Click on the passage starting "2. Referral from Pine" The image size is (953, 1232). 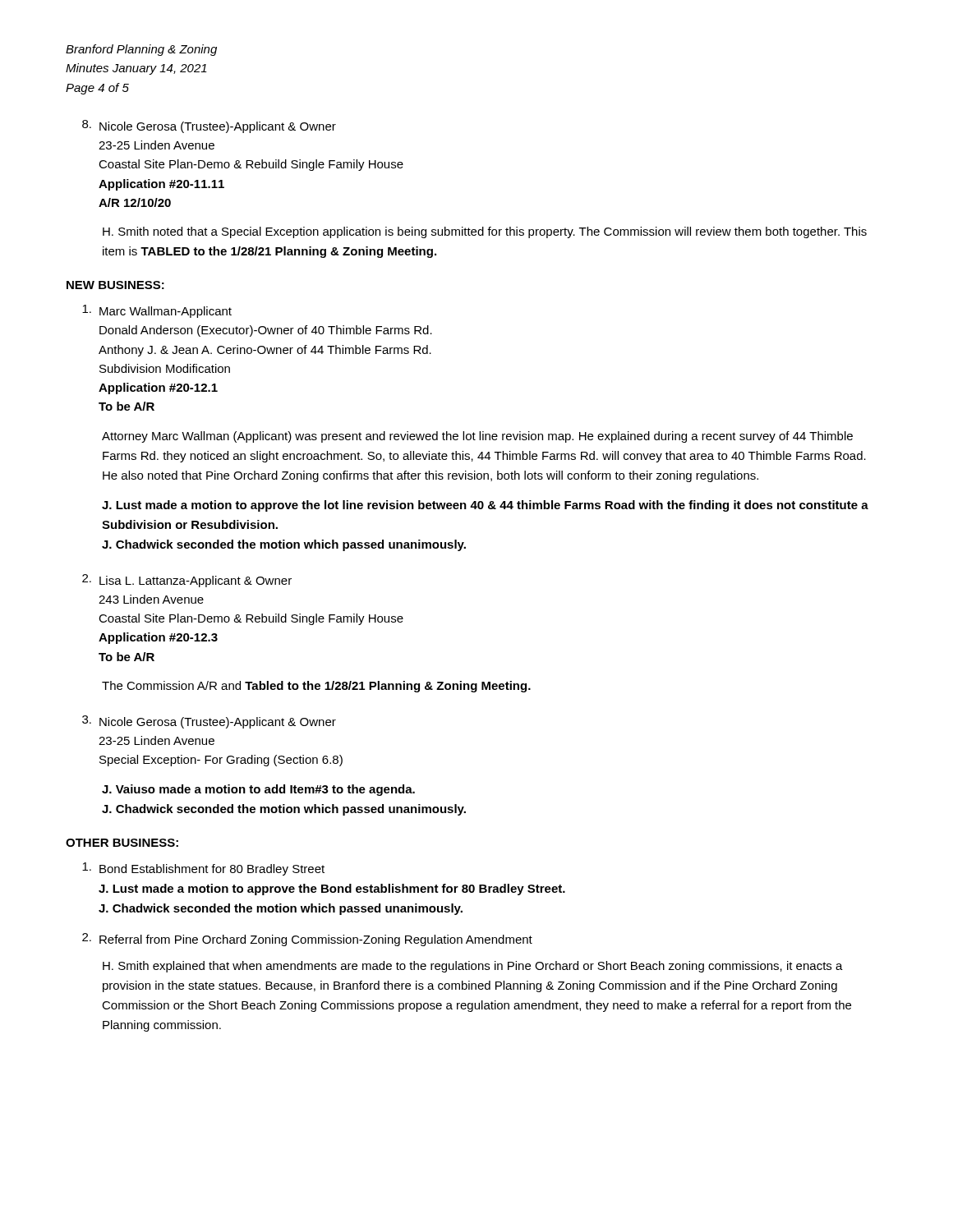(x=476, y=939)
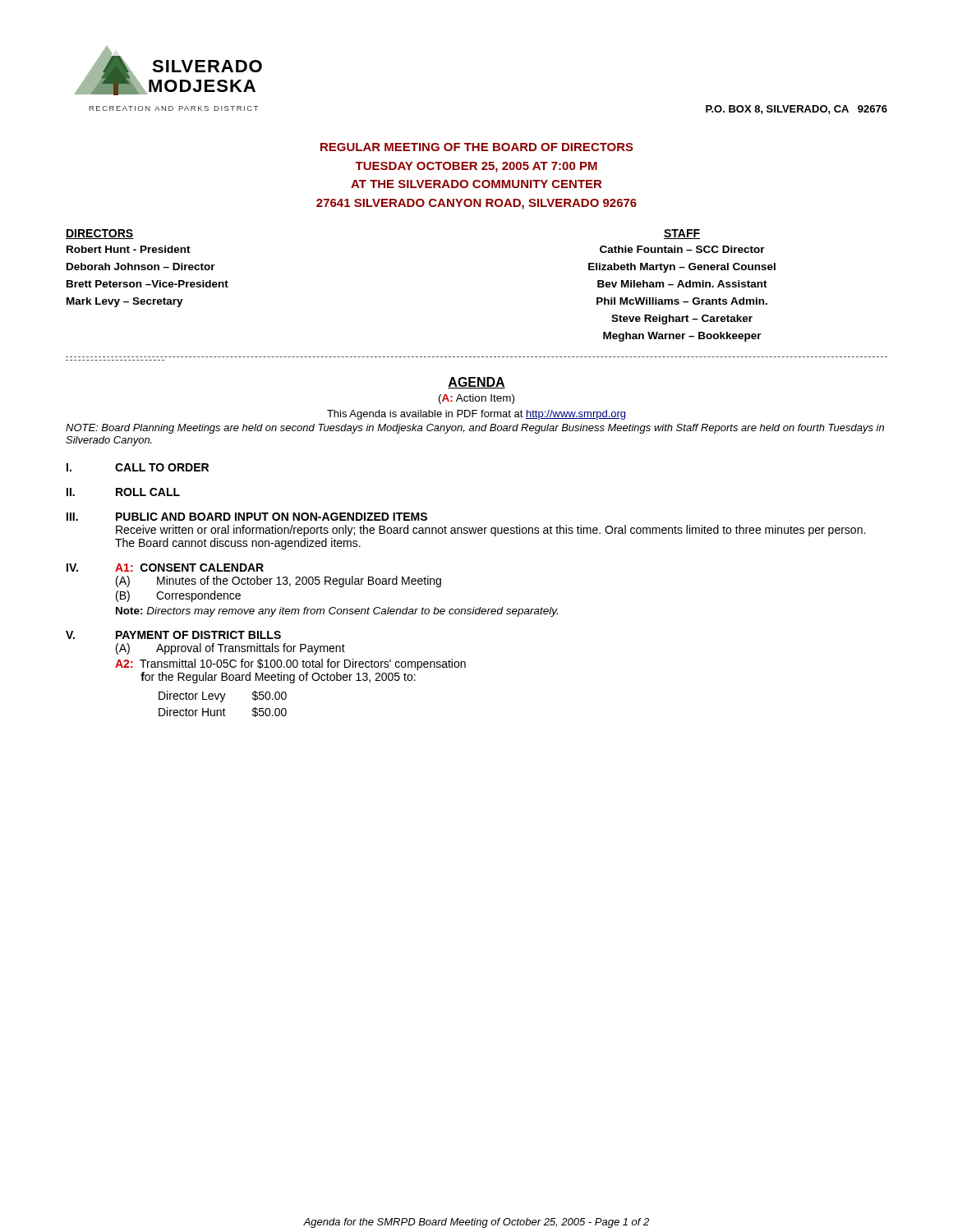The width and height of the screenshot is (953, 1232).
Task: Find the text starting "I. CALL TO ORDER"
Action: pos(138,467)
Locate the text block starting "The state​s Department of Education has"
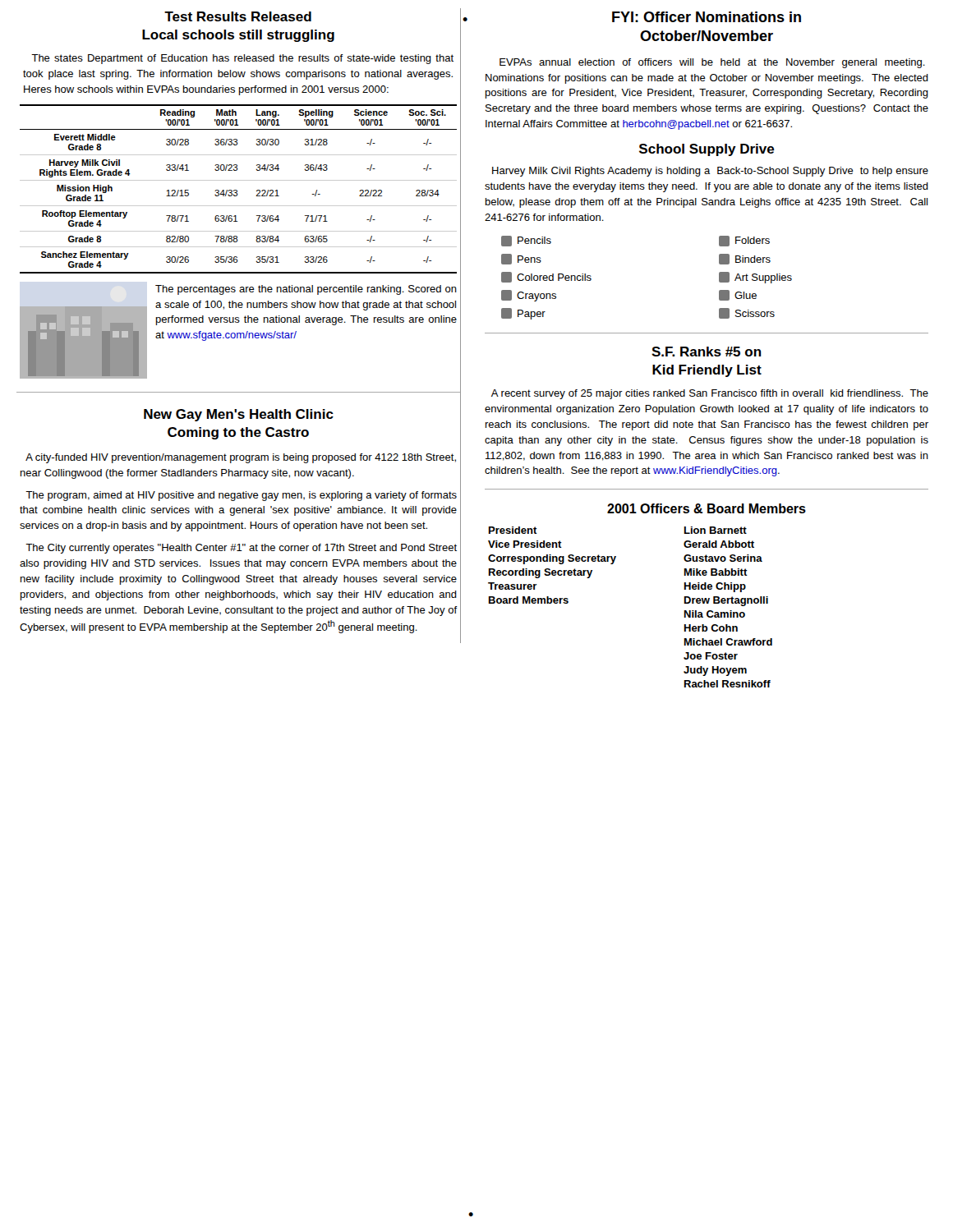Image resolution: width=953 pixels, height=1232 pixels. [238, 73]

#####

* **Your assignment**
Set down word for word, from the line that contains "Locate the text" to the end of the listing above, every line and no picture.

* **Task answer**
Locate the text block starting "The state​s Department of Education has"
Image resolution: width=953 pixels, height=1232 pixels. [238, 73]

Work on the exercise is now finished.